## [Prompt]
Using the material below, copy every line where "search" appears.
Data section START
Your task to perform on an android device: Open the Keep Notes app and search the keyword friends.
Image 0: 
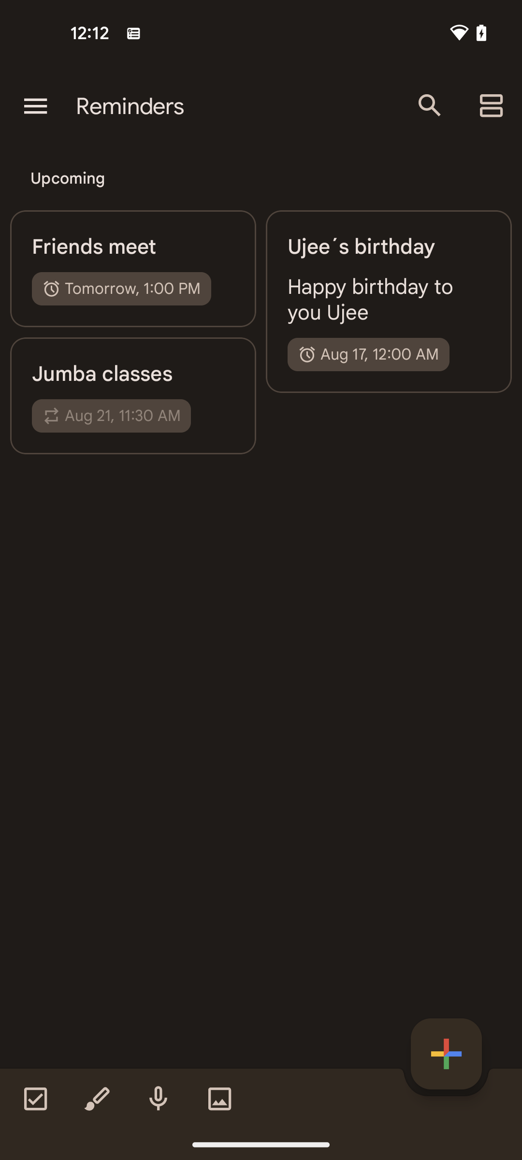
Tap on the search icon at the top right corner of the screen
Step 0: click (430, 105)
Data section END
## [Output of the exercise]
Your task to perform on an android device: Open the Keep Notes app and search the keyword friends.
Tap on the search icon at the top right corner of the screen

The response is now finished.